Ainda tenho quardada sua crônica "no comando da própria sucessão", ainda a melhor e mais profunda análise futurológica.
Quanto ao Ciro, bem, assim como aconteceu na eleição passada, basta ele abrir a boca que ele perde! Nacionalmente falando, ele não se cria.
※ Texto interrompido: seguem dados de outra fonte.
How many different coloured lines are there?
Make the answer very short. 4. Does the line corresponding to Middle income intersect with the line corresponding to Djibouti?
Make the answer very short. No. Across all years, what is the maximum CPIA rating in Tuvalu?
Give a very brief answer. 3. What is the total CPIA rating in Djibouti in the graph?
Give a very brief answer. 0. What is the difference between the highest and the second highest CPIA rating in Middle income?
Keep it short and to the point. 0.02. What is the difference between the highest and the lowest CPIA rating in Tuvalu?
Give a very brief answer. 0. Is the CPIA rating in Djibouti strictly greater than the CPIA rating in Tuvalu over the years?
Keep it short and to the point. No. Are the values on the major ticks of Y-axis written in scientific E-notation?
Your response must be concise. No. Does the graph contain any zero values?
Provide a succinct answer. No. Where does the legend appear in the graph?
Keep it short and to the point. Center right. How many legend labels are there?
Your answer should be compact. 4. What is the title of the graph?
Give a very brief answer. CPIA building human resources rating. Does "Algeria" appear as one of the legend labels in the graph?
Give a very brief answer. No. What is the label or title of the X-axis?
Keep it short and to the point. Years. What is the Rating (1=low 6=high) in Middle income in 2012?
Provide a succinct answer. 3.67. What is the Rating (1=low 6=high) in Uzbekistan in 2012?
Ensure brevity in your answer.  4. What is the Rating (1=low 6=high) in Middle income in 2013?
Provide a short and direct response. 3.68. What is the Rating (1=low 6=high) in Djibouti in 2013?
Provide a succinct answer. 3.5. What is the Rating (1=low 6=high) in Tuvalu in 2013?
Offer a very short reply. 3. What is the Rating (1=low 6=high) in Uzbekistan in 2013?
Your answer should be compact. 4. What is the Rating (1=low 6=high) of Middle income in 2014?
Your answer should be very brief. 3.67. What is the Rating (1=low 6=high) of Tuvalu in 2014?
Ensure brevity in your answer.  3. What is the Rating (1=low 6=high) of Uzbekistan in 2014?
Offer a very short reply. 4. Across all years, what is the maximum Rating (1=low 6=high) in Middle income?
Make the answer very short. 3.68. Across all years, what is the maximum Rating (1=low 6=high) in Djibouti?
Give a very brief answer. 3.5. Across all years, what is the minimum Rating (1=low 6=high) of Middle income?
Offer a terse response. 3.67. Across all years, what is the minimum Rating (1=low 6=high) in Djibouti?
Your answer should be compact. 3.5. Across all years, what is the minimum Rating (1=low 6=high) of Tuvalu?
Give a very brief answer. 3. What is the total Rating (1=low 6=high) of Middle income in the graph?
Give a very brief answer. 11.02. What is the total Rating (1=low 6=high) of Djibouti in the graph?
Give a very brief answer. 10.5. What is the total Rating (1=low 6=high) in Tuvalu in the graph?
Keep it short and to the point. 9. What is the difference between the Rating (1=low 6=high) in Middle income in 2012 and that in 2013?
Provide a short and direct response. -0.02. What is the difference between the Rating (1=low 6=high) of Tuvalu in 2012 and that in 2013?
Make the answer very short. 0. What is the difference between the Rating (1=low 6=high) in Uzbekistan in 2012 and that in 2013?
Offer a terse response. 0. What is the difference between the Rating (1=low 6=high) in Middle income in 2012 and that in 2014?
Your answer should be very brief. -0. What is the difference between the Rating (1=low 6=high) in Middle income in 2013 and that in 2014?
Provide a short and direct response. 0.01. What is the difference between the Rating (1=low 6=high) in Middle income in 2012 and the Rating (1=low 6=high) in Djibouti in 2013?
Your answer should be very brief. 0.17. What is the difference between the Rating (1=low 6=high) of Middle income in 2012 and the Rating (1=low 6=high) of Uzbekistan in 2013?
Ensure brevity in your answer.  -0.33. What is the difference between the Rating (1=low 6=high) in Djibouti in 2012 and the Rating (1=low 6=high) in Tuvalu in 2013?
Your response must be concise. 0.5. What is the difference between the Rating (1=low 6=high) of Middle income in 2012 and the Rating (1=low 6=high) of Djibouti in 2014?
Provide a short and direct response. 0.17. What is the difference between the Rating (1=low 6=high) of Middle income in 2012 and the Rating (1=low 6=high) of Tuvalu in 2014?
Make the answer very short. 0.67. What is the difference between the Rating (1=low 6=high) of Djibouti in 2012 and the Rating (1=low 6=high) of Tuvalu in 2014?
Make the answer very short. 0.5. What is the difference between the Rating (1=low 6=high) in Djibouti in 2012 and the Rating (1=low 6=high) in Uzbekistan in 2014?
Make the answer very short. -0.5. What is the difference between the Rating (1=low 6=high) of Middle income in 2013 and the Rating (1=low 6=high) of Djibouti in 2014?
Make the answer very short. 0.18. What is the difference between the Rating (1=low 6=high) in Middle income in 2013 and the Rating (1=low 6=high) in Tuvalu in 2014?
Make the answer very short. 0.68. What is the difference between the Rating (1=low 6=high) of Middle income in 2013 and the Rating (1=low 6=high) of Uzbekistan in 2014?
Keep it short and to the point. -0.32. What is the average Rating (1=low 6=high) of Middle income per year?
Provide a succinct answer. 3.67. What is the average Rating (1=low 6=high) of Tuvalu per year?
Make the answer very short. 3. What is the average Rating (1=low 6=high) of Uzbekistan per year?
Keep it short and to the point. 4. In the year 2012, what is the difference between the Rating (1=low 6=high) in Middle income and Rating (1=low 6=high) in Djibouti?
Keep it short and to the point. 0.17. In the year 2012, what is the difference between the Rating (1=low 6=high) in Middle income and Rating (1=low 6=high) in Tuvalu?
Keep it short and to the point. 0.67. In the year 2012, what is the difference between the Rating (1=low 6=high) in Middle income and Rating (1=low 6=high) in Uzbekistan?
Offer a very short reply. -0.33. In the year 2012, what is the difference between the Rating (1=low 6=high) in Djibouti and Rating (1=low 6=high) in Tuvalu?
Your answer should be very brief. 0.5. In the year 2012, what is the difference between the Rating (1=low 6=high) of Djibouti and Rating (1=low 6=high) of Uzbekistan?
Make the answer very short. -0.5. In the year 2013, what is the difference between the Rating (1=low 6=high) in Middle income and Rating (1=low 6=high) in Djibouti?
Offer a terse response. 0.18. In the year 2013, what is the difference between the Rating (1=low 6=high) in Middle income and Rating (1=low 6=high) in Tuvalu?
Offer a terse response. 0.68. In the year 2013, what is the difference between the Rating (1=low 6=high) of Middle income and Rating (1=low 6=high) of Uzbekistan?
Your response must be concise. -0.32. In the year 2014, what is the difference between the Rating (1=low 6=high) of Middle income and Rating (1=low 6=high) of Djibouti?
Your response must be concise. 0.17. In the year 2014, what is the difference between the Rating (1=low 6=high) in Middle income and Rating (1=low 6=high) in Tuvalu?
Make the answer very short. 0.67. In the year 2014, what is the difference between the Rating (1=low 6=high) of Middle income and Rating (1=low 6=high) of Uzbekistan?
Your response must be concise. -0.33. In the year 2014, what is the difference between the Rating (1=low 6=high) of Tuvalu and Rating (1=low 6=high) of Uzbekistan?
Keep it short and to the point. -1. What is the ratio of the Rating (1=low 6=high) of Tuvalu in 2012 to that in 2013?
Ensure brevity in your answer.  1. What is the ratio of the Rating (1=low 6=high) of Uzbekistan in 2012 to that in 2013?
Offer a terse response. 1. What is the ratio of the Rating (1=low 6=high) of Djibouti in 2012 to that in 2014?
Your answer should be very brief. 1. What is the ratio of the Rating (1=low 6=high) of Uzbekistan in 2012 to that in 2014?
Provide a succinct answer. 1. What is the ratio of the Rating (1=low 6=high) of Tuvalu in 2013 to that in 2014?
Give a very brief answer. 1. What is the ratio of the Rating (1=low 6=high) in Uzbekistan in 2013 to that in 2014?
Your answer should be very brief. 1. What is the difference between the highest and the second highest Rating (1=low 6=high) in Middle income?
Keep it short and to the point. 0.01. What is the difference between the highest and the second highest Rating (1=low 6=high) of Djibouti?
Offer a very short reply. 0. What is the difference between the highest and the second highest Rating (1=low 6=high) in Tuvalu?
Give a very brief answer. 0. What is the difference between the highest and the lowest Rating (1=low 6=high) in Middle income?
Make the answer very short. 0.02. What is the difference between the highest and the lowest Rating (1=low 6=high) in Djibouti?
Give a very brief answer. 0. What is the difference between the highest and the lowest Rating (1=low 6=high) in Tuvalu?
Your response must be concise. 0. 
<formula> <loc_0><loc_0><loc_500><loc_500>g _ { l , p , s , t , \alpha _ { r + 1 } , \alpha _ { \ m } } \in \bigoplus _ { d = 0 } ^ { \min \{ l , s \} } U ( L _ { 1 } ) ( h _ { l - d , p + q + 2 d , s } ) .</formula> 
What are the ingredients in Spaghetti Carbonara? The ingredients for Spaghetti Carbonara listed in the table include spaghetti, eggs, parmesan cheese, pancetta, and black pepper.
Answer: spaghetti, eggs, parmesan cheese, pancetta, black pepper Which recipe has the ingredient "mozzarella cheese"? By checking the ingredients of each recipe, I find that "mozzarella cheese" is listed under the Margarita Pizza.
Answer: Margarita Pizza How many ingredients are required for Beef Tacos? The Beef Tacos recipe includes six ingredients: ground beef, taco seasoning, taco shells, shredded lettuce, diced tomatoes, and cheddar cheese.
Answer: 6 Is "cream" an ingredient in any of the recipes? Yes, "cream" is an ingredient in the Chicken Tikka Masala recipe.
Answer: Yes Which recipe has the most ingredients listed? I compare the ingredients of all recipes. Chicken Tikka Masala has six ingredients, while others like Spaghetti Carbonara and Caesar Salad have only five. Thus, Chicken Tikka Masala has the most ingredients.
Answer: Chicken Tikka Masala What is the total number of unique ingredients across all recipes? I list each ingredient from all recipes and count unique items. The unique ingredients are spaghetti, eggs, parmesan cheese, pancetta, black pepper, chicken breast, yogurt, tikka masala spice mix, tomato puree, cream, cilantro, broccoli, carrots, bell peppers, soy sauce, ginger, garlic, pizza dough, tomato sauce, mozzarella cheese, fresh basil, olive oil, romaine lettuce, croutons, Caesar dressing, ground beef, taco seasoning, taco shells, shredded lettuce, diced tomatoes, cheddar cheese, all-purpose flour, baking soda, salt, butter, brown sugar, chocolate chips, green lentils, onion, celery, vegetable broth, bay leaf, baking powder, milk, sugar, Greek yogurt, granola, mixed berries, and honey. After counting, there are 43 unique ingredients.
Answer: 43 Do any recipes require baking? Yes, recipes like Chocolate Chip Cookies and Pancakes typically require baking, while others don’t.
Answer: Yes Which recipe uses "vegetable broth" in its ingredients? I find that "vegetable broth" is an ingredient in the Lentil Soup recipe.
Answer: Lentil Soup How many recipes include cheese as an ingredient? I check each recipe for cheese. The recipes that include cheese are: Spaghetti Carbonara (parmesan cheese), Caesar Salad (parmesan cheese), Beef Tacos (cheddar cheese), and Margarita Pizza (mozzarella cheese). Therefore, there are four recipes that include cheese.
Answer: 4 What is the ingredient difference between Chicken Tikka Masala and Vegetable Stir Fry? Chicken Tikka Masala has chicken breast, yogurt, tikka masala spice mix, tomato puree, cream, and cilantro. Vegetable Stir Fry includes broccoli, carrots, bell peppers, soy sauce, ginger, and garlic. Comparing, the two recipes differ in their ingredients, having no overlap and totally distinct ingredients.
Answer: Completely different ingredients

Talvez como vice de Aécio, mas acho uma ginástica política muito grande!!!!!

terça-feira, 16 de outubro de 2007 22:36:00 BRST  
Anonymous Mello disse...

Os números de Ciro não são tão entusiasmantes, considerando sua militância como candidato a presidência.
Aliás, observada a distribuição de seus possíveis eleitores, se verifica baixíssima penetração no centro-sul.
Os candidatos do PT também seguem a mesma tendência. Dividirão votos.
Não acredito em outro fenômeno nordestino na presidência. Lula foi um caso excepcional.

quarta-feira, 17 de outubro de 2007 11:14:00 BRST  
Blogger Albino disse...

Prabens Alon pela sua futurologia.Hoje dois anos depois de sua previsão está confirmando que CIRO È CANDIDATO A PRESIDENTE

segunda-feira, 17 de agosto de 2009 14:52:00 BRT  
Anonymous Anônimo disse...

Caso Ciro Gomes saia como Presidente, com toda certeza irá para segundo turno com José Serra, isso será a maior descepção do PT por apoiar a Dilam Russef.
Ainda é tempo do PT mudar de idéia caso queria continuar no comando.